Implications of putamen/DLS movement codes for striatal learning
In the S-R and O-R models above, movement coding in striatal cells is assumed to reflect the behavioral response associated with striatal output, rather than movement-related inputs to the cell. However, many striatal neurons do receive movement-related inputs. This section describes movement-related responses of cells in the rat DLS and monkey putamen, both a) pre-movement activity of the cells and b) activity beginning approximately at the time of movement initiation, and considers the significance of both types of striatal movement coding for learning.
DLS responses during movement
Primary sensory and motor areas of the cortex project topographically onto the DLS of rats and lateral putamen of primates.
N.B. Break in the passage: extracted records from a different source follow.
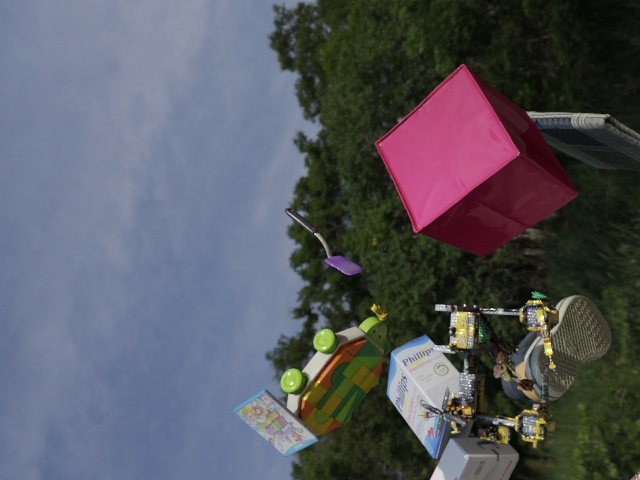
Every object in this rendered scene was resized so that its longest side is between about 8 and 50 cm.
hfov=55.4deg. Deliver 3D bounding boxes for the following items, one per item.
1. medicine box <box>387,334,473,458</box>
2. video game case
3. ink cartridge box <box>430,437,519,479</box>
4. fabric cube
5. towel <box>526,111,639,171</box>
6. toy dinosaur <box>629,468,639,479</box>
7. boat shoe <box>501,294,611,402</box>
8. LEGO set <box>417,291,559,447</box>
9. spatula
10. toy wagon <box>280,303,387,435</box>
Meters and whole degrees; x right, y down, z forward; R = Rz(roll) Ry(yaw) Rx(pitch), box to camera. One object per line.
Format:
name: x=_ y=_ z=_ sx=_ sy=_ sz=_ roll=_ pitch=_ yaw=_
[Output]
medicine box: x=0.361 y=0.513 z=2.005 sx=0.149 sy=0.289 sz=0.263 roll=-23 pitch=-42 yaw=-20
video game case: x=-0.099 y=0.407 z=1.350 sx=0.166 sy=0.119 sz=0.015 roll=44 pitch=-146 yaw=-11
ink cartridge box: x=0.448 y=0.658 z=1.763 sx=0.218 sy=0.092 sz=0.158 roll=12 pitch=-72 yaw=-31
fabric cube: x=0.318 y=-0.151 z=1.268 sx=0.258 sy=0.259 sz=0.254 roll=16 pitch=-135 yaw=-44
towel: x=0.645 y=-0.231 z=1.405 sx=0.324 sy=0.312 sz=0.056 roll=19 pitch=-87 yaw=-24
toy dinosaur: x=0.523 y=0.440 z=0.958 sx=0.127 sy=0.200 sz=0.295 roll=-36 pitch=-65 yaw=-75
boat shoe: x=0.644 y=0.290 z=1.657 sx=0.500 sy=0.156 sz=0.187 roll=-25 pitch=-100 yaw=-45
LEGO set: x=0.343 y=0.255 z=1.222 sx=0.192 sy=0.255 sz=0.331 roll=12 pitch=-92 yaw=-52
spatula: x=0.000 y=0.000 z=1.667 sx=0.084 sy=0.296 sz=0.030 roll=-10 pitch=-41 yaw=-50
toy wagon: x=0.060 y=0.308 z=1.477 sx=0.344 sy=0.068 sz=0.267 roll=-50 pitch=-43 yaw=-7
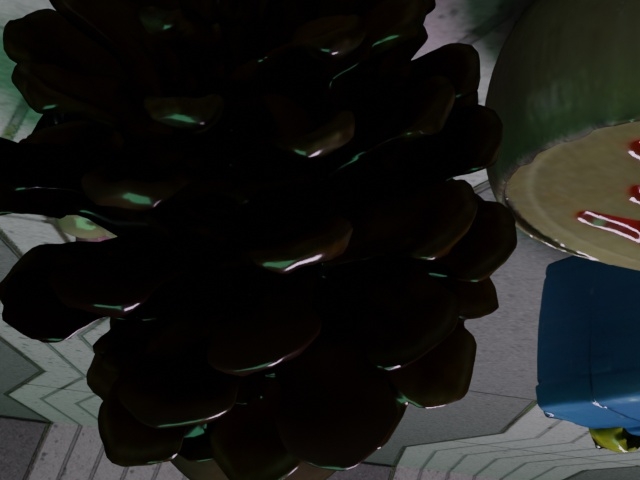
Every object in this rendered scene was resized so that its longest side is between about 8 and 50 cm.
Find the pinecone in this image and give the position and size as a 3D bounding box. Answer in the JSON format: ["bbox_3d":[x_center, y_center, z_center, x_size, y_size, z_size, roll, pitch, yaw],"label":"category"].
[{"bbox_3d":[-0.038,-0.036,0.492,0.264,0.264,0.264,5,162,2],"label":"pinecone"}]

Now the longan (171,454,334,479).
[{"bbox_3d":[-0.075,0.191,1.220,0.246,0.215,0.246,-12,177,-1],"label":"longan"}]

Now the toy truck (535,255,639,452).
[{"bbox_3d":[0.367,0.113,0.925,0.385,0.162,0.161,16,160,-31],"label":"toy truck"}]

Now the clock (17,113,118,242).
[{"bbox_3d":[-0.095,-0.033,0.734,0.194,0.100,0.195,0,164,7],"label":"clock"}]

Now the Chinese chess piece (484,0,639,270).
[{"bbox_3d":[0.209,-0.058,0.550,0.250,0.103,0.250,7,162,2],"label":"Chinese chess piece"}]
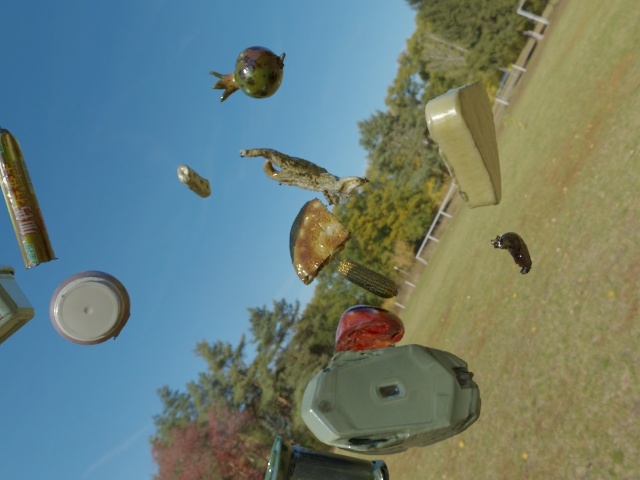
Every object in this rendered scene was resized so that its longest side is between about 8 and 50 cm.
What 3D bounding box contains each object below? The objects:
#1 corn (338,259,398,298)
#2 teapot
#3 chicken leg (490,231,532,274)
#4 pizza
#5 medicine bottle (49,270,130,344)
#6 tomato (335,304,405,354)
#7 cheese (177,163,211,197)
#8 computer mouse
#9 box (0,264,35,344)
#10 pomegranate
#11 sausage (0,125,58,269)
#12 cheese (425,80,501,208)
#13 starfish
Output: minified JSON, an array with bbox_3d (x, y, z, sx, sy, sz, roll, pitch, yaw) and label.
[{"bbox_3d":[0.150,0.122,1.586,0.068,0.207,0.068,-60,-9,-16],"label":"corn"},{"bbox_3d":[0.016,0.687,1.363,0.200,0.337,0.270,-93,19,-68],"label":"teapot"},{"bbox_3d":[0.586,0.025,1.545,0.253,0.051,0.106,26,-126,-41],"label":"chicken leg"},{"bbox_3d":[0.000,0.000,1.795,0.086,0.226,0.336,73,-161,-64],"label":"pizza"},{"bbox_3d":[-0.439,0.128,0.972,0.147,0.147,0.247,-60,16,-15],"label":"medicine bottle"},{"bbox_3d":[0.145,0.271,1.560,0.140,0.200,0.233,-96,22,-47],"label":"tomato"},{"bbox_3d":[-0.389,-0.180,1.566,0.194,0.043,0.065,52,-150,-78],"label":"cheese"},{"bbox_3d":[0.159,0.374,1.171,0.145,0.429,0.228,100,159,-46],"label":"computer mouse"},{"bbox_3d":[-1.017,0.235,1.490,0.312,0.182,0.175,-42,-5,-5],"label":"box"},{"bbox_3d":[-0.209,-0.481,1.446,0.156,0.220,0.156,179,90,-86],"label":"pomegranate"},{"bbox_3d":[-0.751,-0.116,1.265,0.082,0.082,0.372,-30,-74,-71],"label":"sausage"},{"bbox_3d":[0.426,-0.259,1.426,0.384,0.104,0.384,24,-119,-53],"label":"cheese"},{"bbox_3d":[-0.046,-0.180,1.362,0.432,0.324,0.082,-141,75,-89],"label":"starfish"}]

Cortical regions representing the head and face project to a ventromedial region, those representing hind limbs project to a more dorsal zone, and those representing forelimbs project to a still more dorsal and lateral region of the DLS/putamen [25, 46, 56, 85, 95, 144]. Cells in these regions of the striatum often show neuronal activation in response to the movement of specific joints of the body. The body part represented by these striatal movement codes corresponds to the body part represented by the sensorimotor cortical afferents to the region [4, 31]. It therefore appears that movement-tied activations in these striatal regions reflect the influence of their cortical afferents.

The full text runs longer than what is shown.